Темнело. Четверо солдат под командованием летчика-пилота, капитана Ивана Лалина после воздушного боя с немецким мессершмиттом вынуждены был десантироваться на поле, окруженном со всех сторон лесом. В округе не было видно ни одного дома. Один из бойцов, рыжий, круглолицый стрелок Алексей Михайличенко, поломал ногу при десантировании, и его пришлось нести на самодельных носилках. Несли крепкий широкоплечий Лалин и самый молодой из членов экипажа стрелок-радист Чижов. Штурман, высокий пожилой солдат Иннокентий Куров шел по тропинке впереди.
— На поле гречиха в самом цвету. Кто-то ж ее посеял. Значит, поблизости поселок или деревня должны быть, — рассуждал он.
— Товарищ капитан, а что если фриц вернется? — спросил Чиж.
На его еще почти совсем мальчишеском лице появилось выражение недоумения. Это был его третий боевой вылет, и впервые смерть оказалась так близко.
— Он думает, что сбил нас. Так что не вернется, — уверенно ответил Лалин.
— Жаль, что ушел! Еще б немного, и мы его… Кто-то уже бывал в этих местах? — снова подал голос Максим.
Все молчали. Нужно было разобраться, где они находятся, и выйти к позициям своих. А для начала хотя бы найти ночлег и чего-нибудь поесть. Кроме того, Лалин раздумывал, как подать своим весточку, что они все живы.
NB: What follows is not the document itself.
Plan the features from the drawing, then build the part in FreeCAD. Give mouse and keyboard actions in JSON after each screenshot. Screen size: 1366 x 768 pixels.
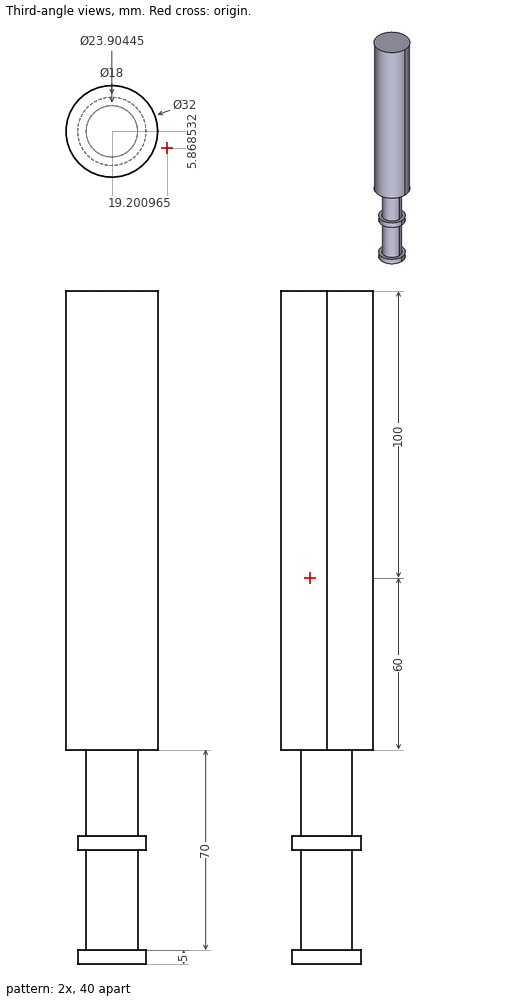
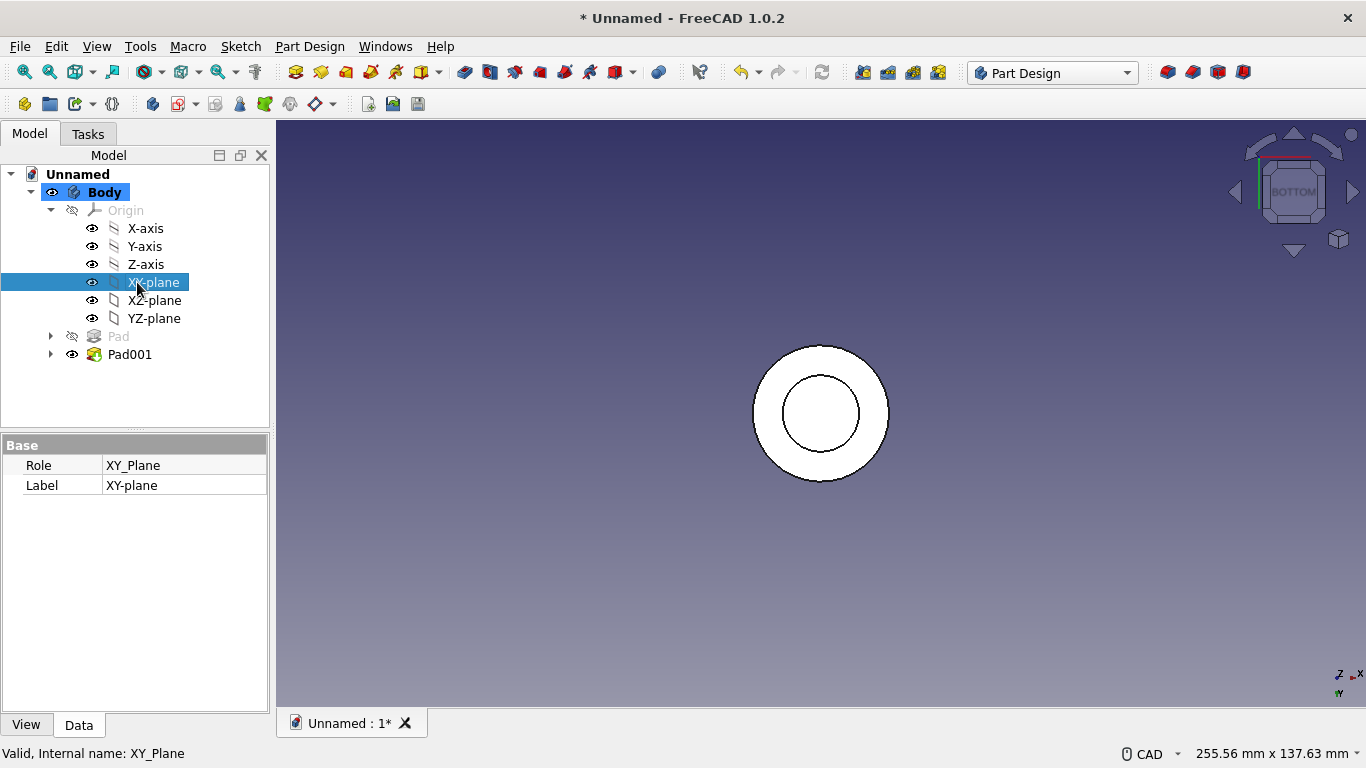
{"action": "left_click", "coordinate": [314, 104]}

А еще думал, что теперь будет без него в полку, кому назначат командование эскадрильей…
— Эх, как бы не пришлось в лесу под открытым небом ночевать… — пробурчал Куров. — Винтовка или ППШ не помешали бы.
Стали рассуждать, далеко ли ближайший город, в какой стороне Режица, захваченная фашистами, по позициям которых они и должны были нанести удар. Постепенно разговор свелся к обсуждению семей, воспоминаниям о родных. Каждый переживал, как бы матери или жене похоронку не принесли, ведь никто же пока не знает, что они спаслись.
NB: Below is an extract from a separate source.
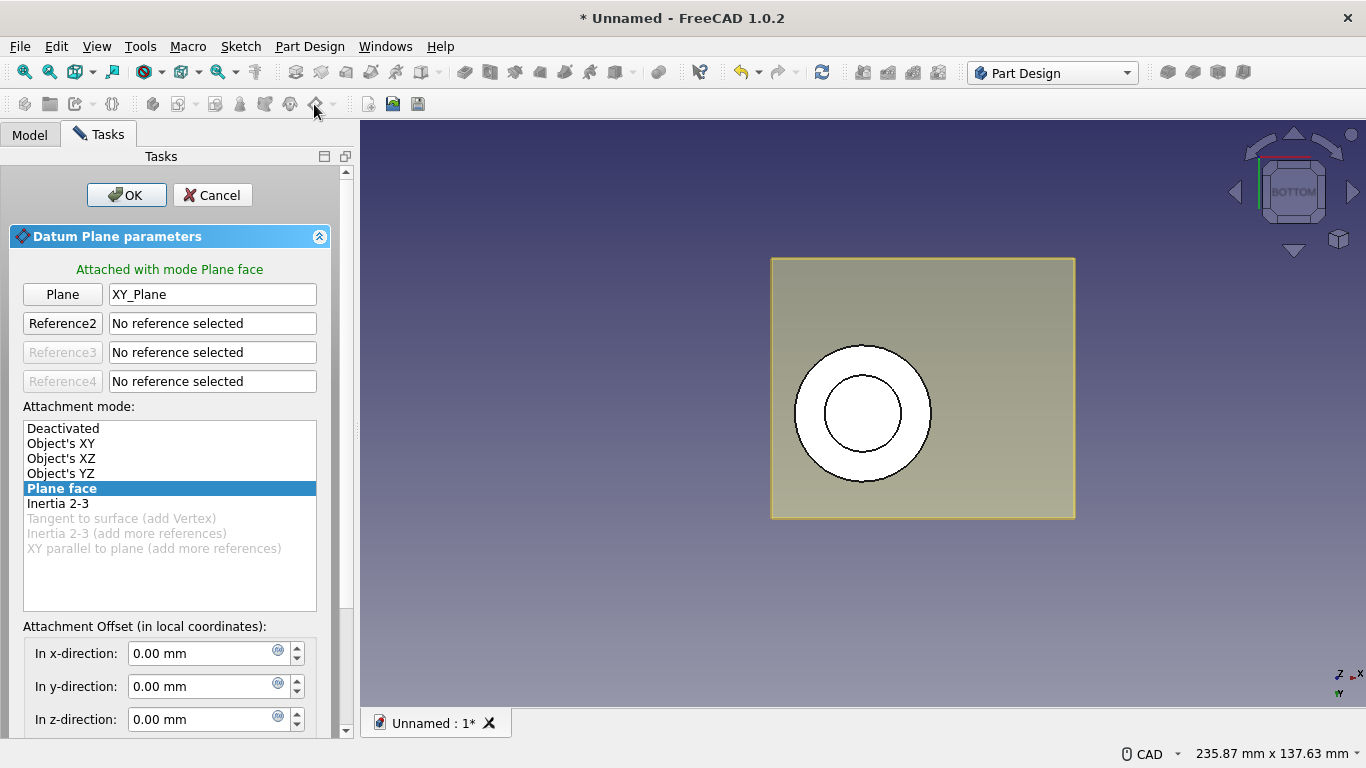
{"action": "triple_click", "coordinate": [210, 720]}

— Мать не переживет… — вздохнул Чиж. — В прошлом году на старшего брата Митьку похоронка пришла, так она долго сама не своя ходила…
— А у меня жена, двое взрослых сыновей тоже на фронте, — заметил Куров.
Лалин молчал, но все сослуживцы знали, что и его есть кому оплакивать в случае чего. Молодой капитан после того, как выписался из госпиталя, стал часто письма писать, и судя по всему — женщине. Между собой солдаты нередко шутили на тему того, что сердце их сурового командира наконец-то кто-то покорил.
Так брели еще примерно около часа, когда вышли на просеку, а по ней на небольшую поляну.
— Глядите, баба! — воскликнул штурман, указывая куда-то вперед.
В сумерках, да еще и среди деревьев трудно было что-то разглядеть. Но присмотревшись, Лалин заметил нечто белое, мелькнувшее за кустами. Оказалось, это коза. Хозяйка животного, девушка лет семнадцати, со светлыми, как пшеница, волосами, оказалась там же. Латышка присела у ствола дуба, видимо решив спрятаться. Иван ее окликнул, и она вышла.
Лалин опустил носилки, а затем, одернув гимнастерку, поправив портупею и широкий командирский ремень, представился. Девушка молчала, перебирая тонкими пальчиками волосы в косе.